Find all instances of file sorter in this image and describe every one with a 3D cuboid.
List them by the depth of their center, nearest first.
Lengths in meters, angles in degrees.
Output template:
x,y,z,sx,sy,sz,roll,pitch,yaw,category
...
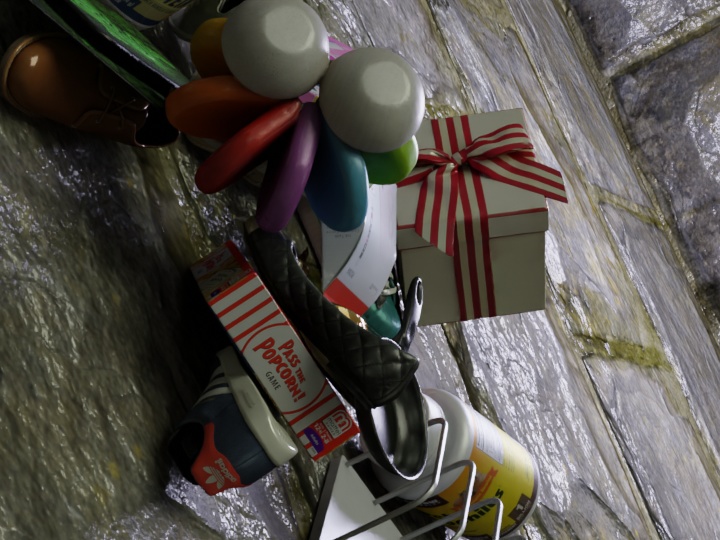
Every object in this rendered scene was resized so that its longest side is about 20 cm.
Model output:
x,y,z,sx,sy,sz,roll,pitch,yaw,category
0.068,0.253,1.426,0.200,0.124,0.139,56,22,-18,file sorter

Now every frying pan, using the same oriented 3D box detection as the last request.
x,y,z,sx,sy,sz,roll,pitch,yaw,category
0.022,0.077,1.326,0.115,0.031,0.191,38,42,-57,frying pan

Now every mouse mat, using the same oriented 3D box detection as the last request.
x,y,z,sx,sy,sz,roll,pitch,yaw,category
-0.218,-0.191,1.332,0.161,0.008,0.200,40,5,-13,mouse mat
-0.201,-0.199,1.369,0.161,0.008,0.200,45,8,30,mouse mat

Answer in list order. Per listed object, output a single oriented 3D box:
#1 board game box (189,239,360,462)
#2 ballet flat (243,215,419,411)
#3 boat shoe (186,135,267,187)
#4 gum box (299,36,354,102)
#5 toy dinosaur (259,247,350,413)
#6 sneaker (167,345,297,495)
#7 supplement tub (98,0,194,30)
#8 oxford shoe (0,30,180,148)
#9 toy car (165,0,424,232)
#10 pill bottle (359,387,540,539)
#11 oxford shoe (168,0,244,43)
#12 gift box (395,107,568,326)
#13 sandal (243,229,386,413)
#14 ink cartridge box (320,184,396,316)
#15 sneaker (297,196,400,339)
x,y,z,sx,sy,sz,roll,pitch,yaw,category
-0.074,0.060,1.333,0.152,0.046,0.200,57,-4,-13,board game box
-0.027,0.027,1.271,0.200,0.057,0.066,50,-3,27,ballet flat
-0.089,-0.109,1.581,0.200,0.065,0.072,9,31,-42,boat shoe
-0.054,-0.177,1.590,0.113,0.066,0.200,26,24,-8,gum box
-0.062,0.044,1.484,0.200,0.060,0.106,72,5,-55,toy dinosaur
-0.110,0.118,1.265,0.075,0.084,0.200,57,-3,-12,sneaker
-0.162,-0.324,1.493,0.144,0.200,0.145,48,25,-31,supplement tub
-0.209,-0.140,1.307,0.071,0.071,0.200,28,6,27,oxford shoe
-0.057,-0.104,1.271,0.200,0.175,0.150,28,65,-9,toy car
0.083,0.182,1.570,0.200,0.109,0.109,38,31,-47,pill bottle
-0.127,-0.242,1.550,0.200,0.075,0.058,30,-42,60,oxford shoe
0.121,-0.056,1.773,0.187,0.184,0.200,82,-5,-46,gift box
-0.028,0.041,1.356,0.200,0.054,0.080,58,-4,0,sandal
0.000,0.000,1.492,0.163,0.057,0.201,44,40,-75,ink cartridge box
0.002,-0.025,1.675,0.200,0.080,0.071,64,20,5,sneaker

━━━━

About this task: Quote the records in full and exactly; skip any image.

Your solution:
Find all instances of file sorter in this image and describe every one with a 3D cuboid.
List them by the depth of their center, nearest first.
Lengths in meters, angles in degrees.
Output template:
x,y,z,sx,sy,sz,roll,pitch,yaw,category
...
Every object in this rendered scene was resized so that its longest side is about 20 cm.
Model output:
x,y,z,sx,sy,sz,roll,pitch,yaw,category
0.068,0.253,1.426,0.200,0.124,0.139,56,22,-18,file sorter

Now every frying pan, using the same oriented 3D box detection as the last request.
x,y,z,sx,sy,sz,roll,pitch,yaw,category
0.022,0.077,1.326,0.115,0.031,0.191,38,42,-57,frying pan

Now every mouse mat, using the same oriented 3D box detection as the last request.
x,y,z,sx,sy,sz,roll,pitch,yaw,category
-0.218,-0.191,1.332,0.161,0.008,0.200,40,5,-13,mouse mat
-0.201,-0.199,1.369,0.161,0.008,0.200,45,8,30,mouse mat

Answer in list order. Per listed object, output a single oriented 3D box:
#1 board game box (189,239,360,462)
#2 ballet flat (243,215,419,411)
#3 boat shoe (186,135,267,187)
#4 gum box (299,36,354,102)
#5 toy dinosaur (259,247,350,413)
#6 sneaker (167,345,297,495)
#7 supplement tub (98,0,194,30)
#8 oxford shoe (0,30,180,148)
#9 toy car (165,0,424,232)
#10 pill bottle (359,387,540,539)
#11 oxford shoe (168,0,244,43)
#12 gift box (395,107,568,326)
#13 sandal (243,229,386,413)
#14 ink cartridge box (320,184,396,316)
#15 sneaker (297,196,400,339)
x,y,z,sx,sy,sz,roll,pitch,yaw,category
-0.074,0.060,1.333,0.152,0.046,0.200,57,-4,-13,board game box
-0.027,0.027,1.271,0.200,0.057,0.066,50,-3,27,ballet flat
-0.089,-0.109,1.581,0.200,0.065,0.072,9,31,-42,boat shoe
-0.054,-0.177,1.590,0.113,0.066,0.200,26,24,-8,gum box
-0.062,0.044,1.484,0.200,0.060,0.106,72,5,-55,toy dinosaur
-0.110,0.118,1.265,0.075,0.084,0.200,57,-3,-12,sneaker
-0.162,-0.324,1.493,0.144,0.200,0.145,48,25,-31,supplement tub
-0.209,-0.140,1.307,0.071,0.071,0.200,28,6,27,oxford shoe
-0.057,-0.104,1.271,0.200,0.175,0.150,28,65,-9,toy car
0.083,0.182,1.570,0.200,0.109,0.109,38,31,-47,pill bottle
-0.127,-0.242,1.550,0.200,0.075,0.058,30,-42,60,oxford shoe
0.121,-0.056,1.773,0.187,0.184,0.200,82,-5,-46,gift box
-0.028,0.041,1.356,0.200,0.054,0.080,58,-4,0,sandal
0.000,0.000,1.492,0.163,0.057,0.201,44,40,-75,ink cartridge box
0.002,-0.025,1.675,0.200,0.080,0.071,64,20,5,sneaker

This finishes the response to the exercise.